Attic storey has 3 dormers with triangular pediments, above
central 5 bays, and single dormers on the wings with segmental
pediments, all with glazing-bar sashes. East front: plainer,
brick with stone dressings. 7 bays, symmetrical. Ashlared
basement, with 2 windows similar to south front. All other
windows are glazing-bar sashes; 6 on the piano nobile with
architraves and triangular pediments. 7 above, with architraves,
sills on brackets, and bolection cornices. 2 dormers with
triangular pediments. Central doorway on piano nobile, with
moulded doorcase with triangular pediment and part-glazed door
with over-light. This is reached via a large, late C19 double
flight stairway, heavily balustraded, with basement level doorway
flanked by single oeil-de-boeuf windows, all rusticated and set
below a heavily rusticated segmental band. Plainer west front.

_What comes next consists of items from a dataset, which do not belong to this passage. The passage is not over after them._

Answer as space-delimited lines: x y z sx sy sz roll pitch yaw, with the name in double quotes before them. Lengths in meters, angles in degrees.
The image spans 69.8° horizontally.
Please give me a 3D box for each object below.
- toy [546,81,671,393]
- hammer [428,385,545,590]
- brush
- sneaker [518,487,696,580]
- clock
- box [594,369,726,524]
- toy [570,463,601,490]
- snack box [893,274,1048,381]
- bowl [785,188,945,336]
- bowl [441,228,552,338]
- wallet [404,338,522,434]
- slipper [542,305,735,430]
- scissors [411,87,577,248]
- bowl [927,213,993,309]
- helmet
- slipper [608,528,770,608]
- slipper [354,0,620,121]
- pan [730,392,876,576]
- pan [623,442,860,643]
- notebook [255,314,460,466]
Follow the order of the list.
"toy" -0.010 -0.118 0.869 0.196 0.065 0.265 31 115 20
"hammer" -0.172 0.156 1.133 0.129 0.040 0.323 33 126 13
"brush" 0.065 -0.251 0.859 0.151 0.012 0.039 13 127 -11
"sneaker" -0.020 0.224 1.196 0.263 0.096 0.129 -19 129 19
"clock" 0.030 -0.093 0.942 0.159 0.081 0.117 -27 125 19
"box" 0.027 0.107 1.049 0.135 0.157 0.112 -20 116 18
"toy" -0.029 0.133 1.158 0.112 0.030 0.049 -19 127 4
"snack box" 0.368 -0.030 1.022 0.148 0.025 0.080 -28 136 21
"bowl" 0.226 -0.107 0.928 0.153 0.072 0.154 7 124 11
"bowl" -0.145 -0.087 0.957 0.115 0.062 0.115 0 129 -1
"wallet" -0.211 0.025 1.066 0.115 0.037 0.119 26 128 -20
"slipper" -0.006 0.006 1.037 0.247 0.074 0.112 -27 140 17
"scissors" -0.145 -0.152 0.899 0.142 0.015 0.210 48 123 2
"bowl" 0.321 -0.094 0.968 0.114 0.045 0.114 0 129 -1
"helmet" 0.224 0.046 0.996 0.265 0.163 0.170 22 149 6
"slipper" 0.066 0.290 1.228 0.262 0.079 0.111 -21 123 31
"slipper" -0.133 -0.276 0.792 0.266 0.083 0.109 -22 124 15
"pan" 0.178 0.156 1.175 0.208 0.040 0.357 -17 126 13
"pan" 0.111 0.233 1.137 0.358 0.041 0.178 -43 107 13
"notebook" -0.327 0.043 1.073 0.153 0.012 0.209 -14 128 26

North front plainer still, with markedly projecting wings.
Basement windows and 4 dormers as on south front. Main storey
have glazing-bar sashes with cambered arches and plain sills.

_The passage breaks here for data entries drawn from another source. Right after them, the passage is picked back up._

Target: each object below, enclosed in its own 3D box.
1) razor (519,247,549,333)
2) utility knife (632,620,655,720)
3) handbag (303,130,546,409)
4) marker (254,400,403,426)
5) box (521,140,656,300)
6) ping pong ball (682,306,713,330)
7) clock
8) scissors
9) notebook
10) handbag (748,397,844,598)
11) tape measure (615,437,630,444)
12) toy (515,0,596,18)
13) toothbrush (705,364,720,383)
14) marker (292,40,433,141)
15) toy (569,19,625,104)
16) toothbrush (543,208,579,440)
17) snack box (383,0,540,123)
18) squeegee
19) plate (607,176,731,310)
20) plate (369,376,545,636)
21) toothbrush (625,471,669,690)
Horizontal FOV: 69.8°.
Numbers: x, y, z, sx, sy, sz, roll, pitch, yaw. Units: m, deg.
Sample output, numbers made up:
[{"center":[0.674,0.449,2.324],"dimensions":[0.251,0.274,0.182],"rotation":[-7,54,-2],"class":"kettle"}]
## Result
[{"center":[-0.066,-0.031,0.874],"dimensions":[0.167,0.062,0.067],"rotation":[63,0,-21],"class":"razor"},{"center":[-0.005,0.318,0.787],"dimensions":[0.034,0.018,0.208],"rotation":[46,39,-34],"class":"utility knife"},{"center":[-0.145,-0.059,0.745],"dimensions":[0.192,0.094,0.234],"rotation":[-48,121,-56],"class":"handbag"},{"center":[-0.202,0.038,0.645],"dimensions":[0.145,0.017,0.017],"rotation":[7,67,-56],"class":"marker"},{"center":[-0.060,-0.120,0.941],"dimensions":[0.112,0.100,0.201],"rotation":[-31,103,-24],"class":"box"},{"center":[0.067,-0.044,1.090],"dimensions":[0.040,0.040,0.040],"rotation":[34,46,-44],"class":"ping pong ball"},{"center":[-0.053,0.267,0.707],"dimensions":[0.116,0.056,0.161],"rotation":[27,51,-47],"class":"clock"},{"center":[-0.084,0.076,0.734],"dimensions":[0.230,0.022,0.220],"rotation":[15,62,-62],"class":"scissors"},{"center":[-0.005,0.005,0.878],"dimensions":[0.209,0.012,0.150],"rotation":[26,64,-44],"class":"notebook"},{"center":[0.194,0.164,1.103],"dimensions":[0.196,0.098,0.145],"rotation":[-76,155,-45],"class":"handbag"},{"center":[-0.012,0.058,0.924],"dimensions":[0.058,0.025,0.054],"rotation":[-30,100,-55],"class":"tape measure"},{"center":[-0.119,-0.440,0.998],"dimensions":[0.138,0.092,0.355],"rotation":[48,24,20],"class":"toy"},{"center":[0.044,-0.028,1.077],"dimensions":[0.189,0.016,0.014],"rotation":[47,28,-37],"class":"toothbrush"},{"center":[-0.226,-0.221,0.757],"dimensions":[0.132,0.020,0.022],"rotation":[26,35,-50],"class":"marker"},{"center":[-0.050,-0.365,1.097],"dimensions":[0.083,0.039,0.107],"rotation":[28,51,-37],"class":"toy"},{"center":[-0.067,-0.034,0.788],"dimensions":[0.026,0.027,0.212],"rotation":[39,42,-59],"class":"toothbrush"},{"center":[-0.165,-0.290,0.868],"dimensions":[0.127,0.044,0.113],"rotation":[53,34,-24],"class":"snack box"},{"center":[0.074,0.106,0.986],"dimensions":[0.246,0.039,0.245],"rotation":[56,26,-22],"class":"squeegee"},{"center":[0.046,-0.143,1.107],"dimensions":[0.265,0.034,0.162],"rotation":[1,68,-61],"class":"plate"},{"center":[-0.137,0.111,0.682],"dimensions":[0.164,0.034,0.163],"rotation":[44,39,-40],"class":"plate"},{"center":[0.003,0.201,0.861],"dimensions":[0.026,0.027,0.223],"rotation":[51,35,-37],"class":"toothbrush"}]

2 C19 extruded corner bays in brick added to recessed centre.
INTERIOR: main staircase 1730, cantilevered, open string, 3
balusters per tread, alternating turned, fluted column on vase,
and barley sugar twist. Moulded, ramped, and wreathed handrail.
Fluted newels. Panelled dado and moulded dado rail. Panelled
staircase hall with ornate plasterwork ceiling. Earlier dog-leg
staircase, c1700, closed string, turned balusters, moulded rail,
and newels with balls. Panelled dado. Ballroom, created 1743.
Coved ceiling with Rococo decoration at corners and heavily
moulded cornice. Moulded wall frames, ornate chimneypiece with
satyr terms and triangular pediment, all by John Wright of
Worcester. Ceiling painted 1880 by Felix Joubert. Library, and
several other rooms panelled, with good chimneypieces, moulded
cornices, and 6-panel doors. Stanford Hall is a variant of the
type introduced with Pratt's Clarendon House (1660s). J Lees-
Milne, English Country Houses: Baroque 221-226 (1970); CL CXXIV,
1284, 1410, 1472, (1958); J Nichols, History of Leicestershire,
IV, i, 350(1897); J Throsby, Views in Leicestershire p. 179
(1789); (Buildings of England: Leicestershire p. 384).

Listing NGR: SP5874079309

This text is from the original listing, and may not necessarily reflect the current setting of the building.